Önce başı koparmak, sonra gövdeyi teslim almak! AKP’den kurtulmak için
darbe sürecini başlatanların
hedefi bu mu?..
AKP’nin tepe
yöneticilerinden biriyle dün öğle üzeri sohbet ed
erken özetle şunları söyledi:
“
AK Parti’den kurtulmayı kafaya koymuş irade, önce partinin başını koparmak istiyor. Partinin kapatılmasıyla birlikte
Tayyip Erdoğan’ın
siyaseten yasaklı duruma düşürülmesi ilk aşamadır. Bundan sonra hükümet yine bizim grup tarafından kurulur. Parti kapatılınca
Türkiye karışır, istikrarsızlaşır. Böyle bir ortamda patlayacak ‘
ekonomik kriz’in suçu da bizim sırtımıza vurulur. Bir yandan bu krizin faturası, öte yandan kapatılmadan kaynaklanan tedirginlik, bizi
seçim sandığında geriletir diye düşünüyor o irade. Bu da ikinci aşamadır, yani ‘baş’tan sonra gövdenin teslim alınması...”
Böyle bir oyun tutar mı?
Kolay değil.
Varsayalım birinci aşama gerçekleşti ve
Anayasa Mahkemesi AKP’yi kapattı. Milletvekilliği düşen Erdoğan’a siyaset yasağı geldi. Partisi kapatılan, başbakanlığı sona eren, parlamento dışına düşen liderin siyaseten ciddi bir yara alması yakın ihtimaldir.

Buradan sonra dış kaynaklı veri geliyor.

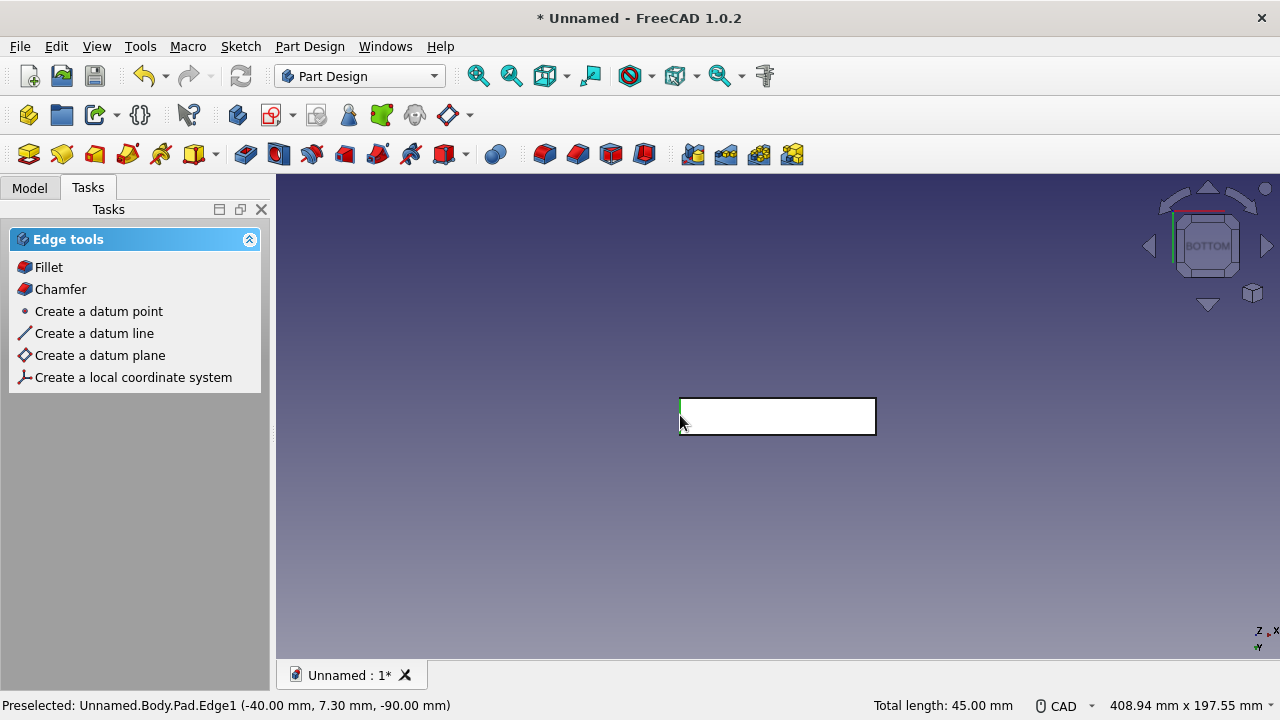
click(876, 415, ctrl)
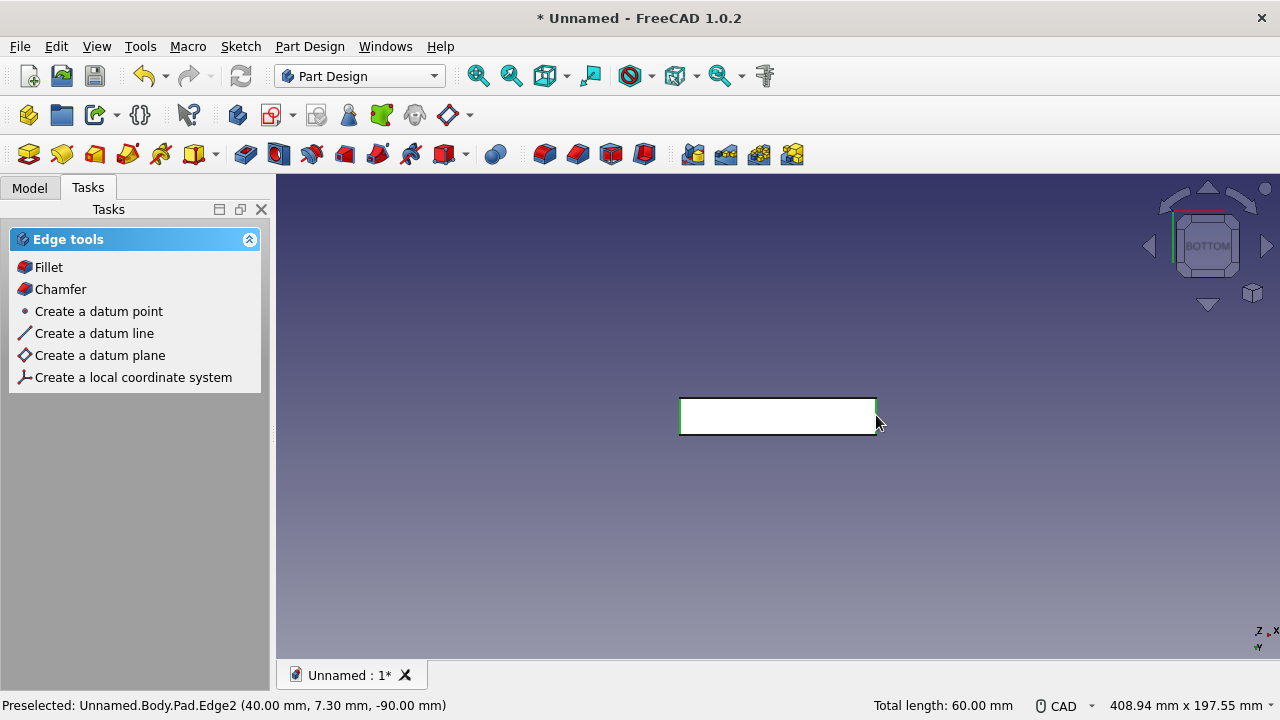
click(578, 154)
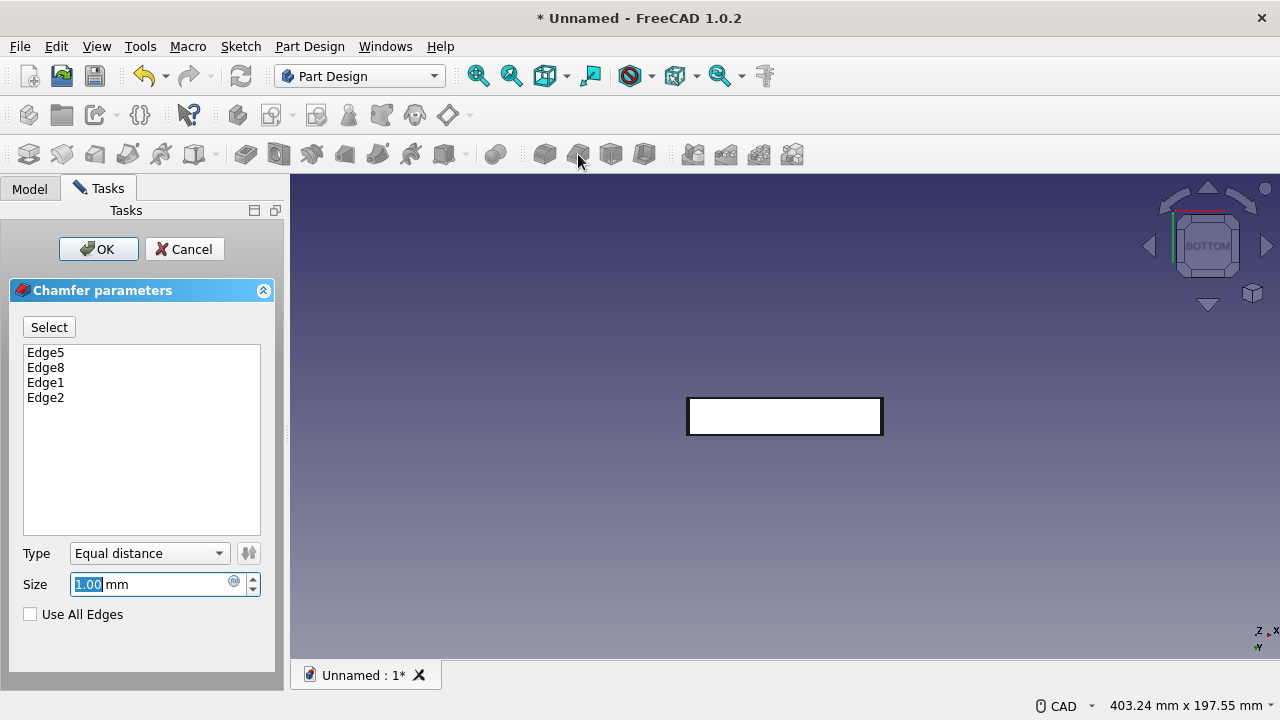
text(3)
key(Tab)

Ama Erdoğan, perde arkasında kalsa da, nüfuzu ve gücü devam edecek. Ve aklınızdan çıkarmayın, yeni hükümet yine Erdoğan’ın güvendiği bir milletvekili tarafından kurulacak.
Bu arada, kapatmayla birlikte başka bazı AKP milletvekillerine siyaset yasağı da gelse, AKP grubunu bölmek için ekstra çabalar da sarf edilse, yeni hükümetin muhalefet tarafından kurulması imkânsız gibidir.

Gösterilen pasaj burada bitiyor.